Prep 15 mins
Cook 40 mins
This is a quick recipe for those school nights when everyone is on the go. This can also be made ahead and froze. All you need are some dinner rolls and/or salad.
- 2 (10 ounce) cans cream of potato soup
- 16 ounces frozen vegetables
- 2 cups cooked chicken
- 1⁄2 cup milk
- 1⁄2 teaspoon pepper
- 1⁄2 teaspoon thyme
- 2 (9 inch) pie crusts
- Preheat oven to 375 degrees.
- Mix the first 6 ingredients in a large bowl.
- Place 1 frozen pie crust in the bottom of a 9inch pie plate and press up the sides.
- Prick the bottom with a fork.
- Pour the ingredients from the bowl into the pie crust.
- Place the 2nd pie crust overtop and press the seams together.
- Cut off any excess dough.
- Crimp the edges to seal.
- Place 4 1-inch slices across the top to allow for cooking evenly.
- Bake for 40 minutes.
- Cool 10 minutes before serving.
This was very good, quick and easy. I used one can of cream or chicken and one can of cream of potato. I also just put pie crust on the top to lower the calories. Next time I think I will try using a little less thyme. I will definately make again.
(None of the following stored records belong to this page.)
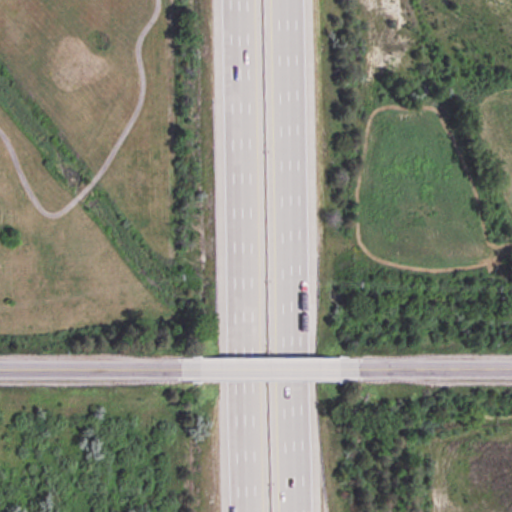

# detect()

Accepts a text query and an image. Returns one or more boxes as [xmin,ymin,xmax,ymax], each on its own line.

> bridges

[184,356,360,384]
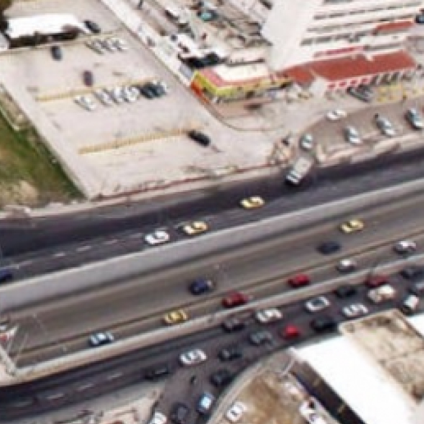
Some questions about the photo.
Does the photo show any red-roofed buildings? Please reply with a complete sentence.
Yes, this view includes a red-roofed building.
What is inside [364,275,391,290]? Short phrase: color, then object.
red car
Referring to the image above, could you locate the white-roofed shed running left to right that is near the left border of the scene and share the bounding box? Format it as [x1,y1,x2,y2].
[5,14,91,52]
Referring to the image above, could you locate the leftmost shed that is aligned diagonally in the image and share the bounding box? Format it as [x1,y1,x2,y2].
[138,0,169,35]

Love pot pie because it is great comfort food and this was very tasty! I used Tyson's chicken in the pouch and did add salt, pepper, lemon pepper, and celery seeds. My pot pie needed to bake a little longer and was wonderful when I sliced it and served. Will be making this again! Made and reviewed for Kittencal's Recipe Tag Game.
Made this for lunch today and it was wonderful. I followed the recipe, just ended up baking it for a little longer. I ended up adding some onion and a little garlic powder to season it up just a bit more. I will be making this again. Thanks for the great recipe. Made for I Recommend Tag.